* Your task *
The whole of the data is to be returned without a single change.

* Exercise input *
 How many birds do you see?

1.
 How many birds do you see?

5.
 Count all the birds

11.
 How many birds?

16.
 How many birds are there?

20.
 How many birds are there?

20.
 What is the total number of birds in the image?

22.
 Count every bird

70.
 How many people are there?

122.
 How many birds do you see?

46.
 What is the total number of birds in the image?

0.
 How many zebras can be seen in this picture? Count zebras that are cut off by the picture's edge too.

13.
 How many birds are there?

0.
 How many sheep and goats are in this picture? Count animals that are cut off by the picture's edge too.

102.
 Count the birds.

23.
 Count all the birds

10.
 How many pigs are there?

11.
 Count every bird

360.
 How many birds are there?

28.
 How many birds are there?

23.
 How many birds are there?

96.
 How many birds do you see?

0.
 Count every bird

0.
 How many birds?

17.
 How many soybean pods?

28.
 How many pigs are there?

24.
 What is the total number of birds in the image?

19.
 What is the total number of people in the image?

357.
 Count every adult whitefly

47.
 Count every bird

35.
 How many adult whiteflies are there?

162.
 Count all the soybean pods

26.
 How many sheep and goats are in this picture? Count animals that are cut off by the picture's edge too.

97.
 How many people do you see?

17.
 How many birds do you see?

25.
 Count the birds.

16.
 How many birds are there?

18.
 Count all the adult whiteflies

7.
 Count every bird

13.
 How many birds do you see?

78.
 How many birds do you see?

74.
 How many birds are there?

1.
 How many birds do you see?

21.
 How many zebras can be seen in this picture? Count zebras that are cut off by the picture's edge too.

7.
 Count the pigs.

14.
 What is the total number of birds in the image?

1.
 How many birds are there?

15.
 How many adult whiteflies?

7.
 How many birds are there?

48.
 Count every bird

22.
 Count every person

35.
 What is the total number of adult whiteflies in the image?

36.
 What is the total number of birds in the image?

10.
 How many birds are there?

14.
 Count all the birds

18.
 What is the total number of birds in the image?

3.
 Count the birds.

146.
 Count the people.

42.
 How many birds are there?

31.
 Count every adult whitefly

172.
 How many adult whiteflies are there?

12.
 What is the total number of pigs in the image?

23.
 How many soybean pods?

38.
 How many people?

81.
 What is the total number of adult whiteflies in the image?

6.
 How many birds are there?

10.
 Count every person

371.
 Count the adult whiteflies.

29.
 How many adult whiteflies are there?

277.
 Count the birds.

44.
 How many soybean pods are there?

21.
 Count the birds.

* Answer to this problem *
 How many birds do you see?

1.
 How many birds do you see?

5.
 Count all the birds

11.
 How many birds?

16.
 How many birds are there?

20.
 How many birds are there?

20.
 What is the total number of birds in the image?

22.
 Count every bird

70.
 How many people are there?

122.
 How many birds do you see?

46.
 What is the total number of birds in the image?

0.
 How many zebras can be seen in this picture? Count zebras that are cut off by the picture's edge too.

13.
 How many birds are there?

0.
 How many sheep and goats are in this picture? Count animals that are cut off by the picture's edge too.

102.
 Count the birds.

23.
 Count all the birds

10.
 How many pigs are there?

11.
 Count every bird

360.
 How many birds are there?

28.
 How many birds are there?

23.
 How many birds are there?

96.
 How many birds do you see?

0.
 Count every bird

0.
 How many birds?

17.
 How many soybean pods?

28.
 How many pigs are there?

24.
 What is the total number of birds in the image?

19.
 What is the total number of people in the image?

357.
 Count every adult whitefly

47.
 Count every bird

35.
 How many adult whiteflies are there?

162.
 Count all the soybean pods

26.
 How many sheep and goats are in this picture? Count animals that are cut off by the picture's edge too.

97.
 How many people do you see?

17.
 How many birds do you see?

25.
 Count the birds.

16.
 How many birds are there?

18.
 Count all the adult whiteflies

7.
 Count every bird

13.
 How many birds do you see?

78.
 How many birds do you see?

74.
 How many birds are there?

1.
 How many birds do you see?

21.
 How many zebras can be seen in this picture? Count zebras that are cut off by the picture's edge too.

7.
 Count the pigs.

14.
 What is the total number of birds in the image?

1.
 How many birds are there?

15.
 How many adult whiteflies?

7.
 How many birds are there?

48.
 Count every bird

22.
 Count every person

35.
 What is the total number of adult whiteflies in the image?

36.
 What is the total number of birds in the image?

10.
 How many birds are there?

14.
 Count all the birds

18.
 What is the total number of birds in the image?

3.
 Count the birds.

146.
 Count the people.

42.
 How many birds are there?

31.
 Count every adult whitefly

172.
 How many adult whiteflies are there?

12.
 What is the total number of pigs in the image?

23.
 How many soybean pods?

38.
 How many people?

81.
 What is the total number of adult whiteflies in the image?

6.
 How many birds are there?

10.
 Count every person

371.
 Count the adult whiteflies.

29.
 How many adult whiteflies are there?

277.
 Count the birds.

44.
 How many soybean pods are there?

21.
 Count the birds.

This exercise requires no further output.